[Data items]
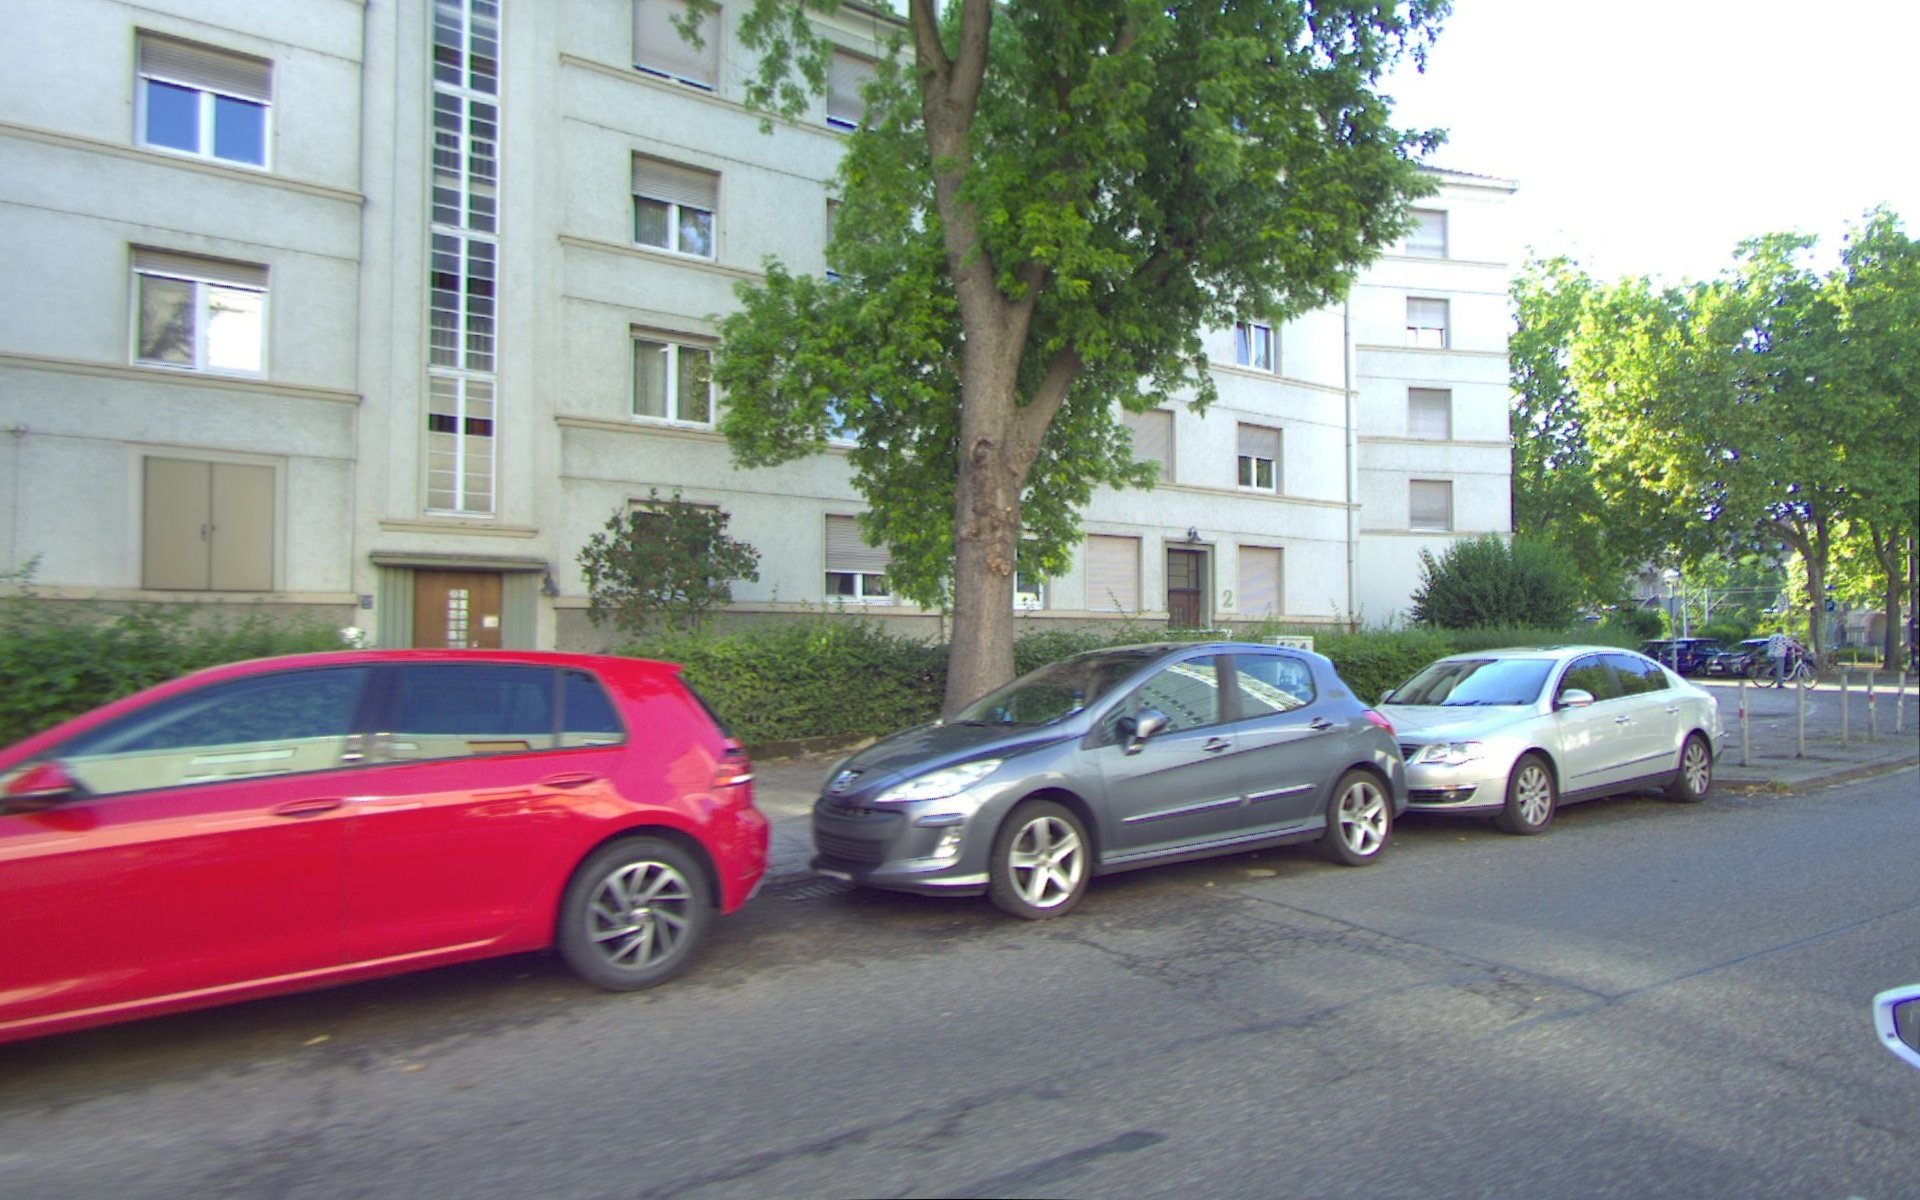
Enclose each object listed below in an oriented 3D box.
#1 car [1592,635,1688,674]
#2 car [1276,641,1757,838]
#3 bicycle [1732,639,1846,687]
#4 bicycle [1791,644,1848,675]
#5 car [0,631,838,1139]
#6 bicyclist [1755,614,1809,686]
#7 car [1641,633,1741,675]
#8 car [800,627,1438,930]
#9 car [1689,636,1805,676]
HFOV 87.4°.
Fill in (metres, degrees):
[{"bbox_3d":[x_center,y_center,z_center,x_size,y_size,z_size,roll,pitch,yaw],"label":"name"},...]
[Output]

**ACTION ITEM**
Check every line of the data, and copy the ones that contain "bicycle".

**ANSWER SPACE**
#3 bicycle [1732,639,1846,687]
#4 bicycle [1791,644,1848,675]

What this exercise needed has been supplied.